Doğup ölenleri oldu, gelip gidenleri oldu,
Evlerin içi devir devir değişti
Evlerin dışı pencere, duvar.
Vurulmuş vurgunların yücelttiği evlerde
Kalbi kara insanlar oturdu.
Gündelik korkuların çökerttiği evlerde
O fıkara insanlar oturdu.
Evlerin çoğu eskidi gitti, tamir edilemedi,
Evlerin çoğu gereği gibi tasvir edilemedi.

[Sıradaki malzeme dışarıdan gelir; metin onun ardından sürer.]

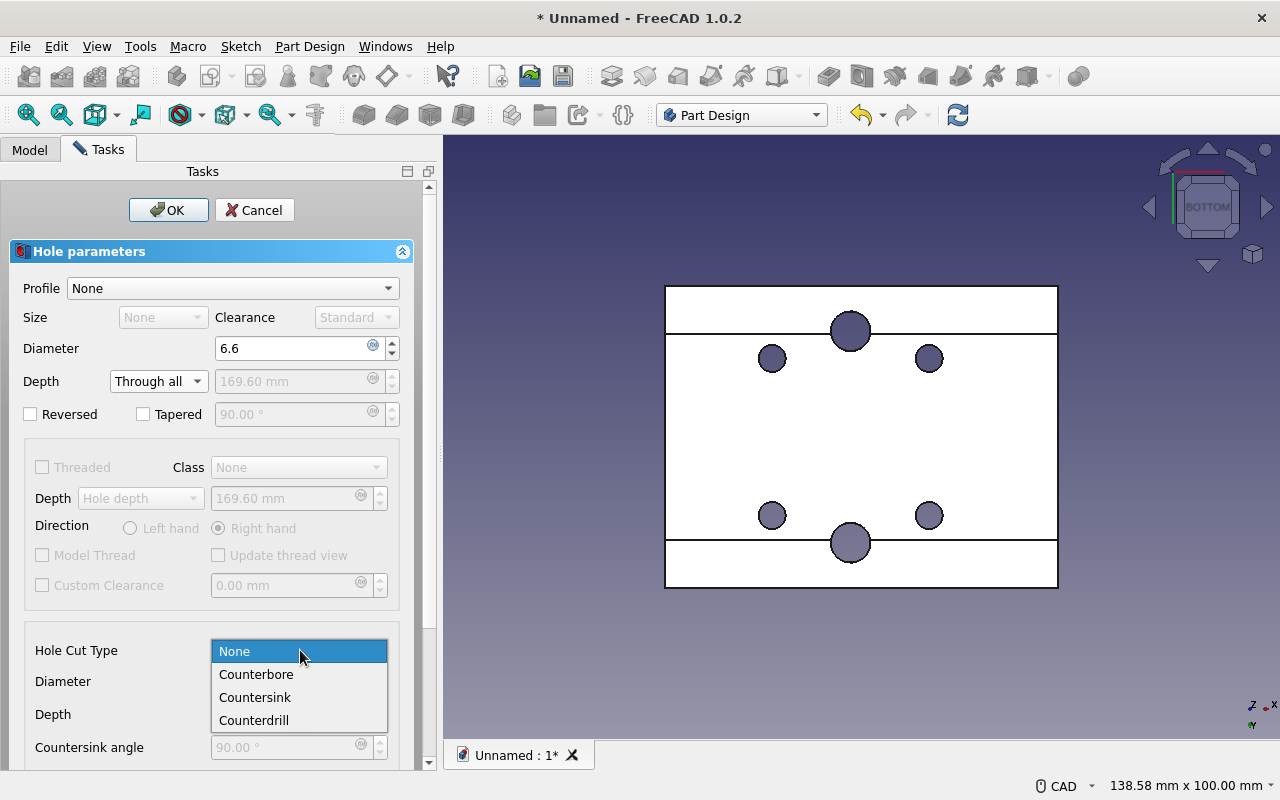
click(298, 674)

Kimi hayata doymuş göründü,
Bazılara zamana uydular.
Evlerin içi oda oda üzüntü,
Evlerin dışı pencere, duvar.
Evlerde saadetler sabunlar gibi köpürdü:
Eve geldi bir tane, nar gibi,
Arttı, eksilmedi.
Evleri felaketler taunlar gibi süpürdü.
Kaderden eski fırtınalar gibi,
Ardı kesilmedi.
Evlerin çoğunda dirlik düzen
Kalan bir hatıra oldu geçmişte.
Gönül almak, hatır saymak arama.
Evlatlar aileye asi işte,
Bir çığ ki kopmuş gider, üzüntüden.
Evlerde nice nice cinayetler işlendi,
Ruhu bile duymadı insanların.
Dört duvar arasında aile sırları,
Bunca çocuk, bunca erkek, bunca kadın,
Gözyaşlarıyla beslendi.
Çocuklar, büyük adam yerine evlerin kiminde:
Çocukları işe koştu kalabalık aileler.
Okul çağının kadersiz yavruları,
Ufacık avuçlardan akşamları akan ter,
Tuz yerine geçti evlerin yemeğinde.
İnananların kaderi besbelli evlere bağlı,
Zengin evler fakirlere çok yüksekten baktılar,
Kendi seviyesinde evler kız verdi, kız aldı.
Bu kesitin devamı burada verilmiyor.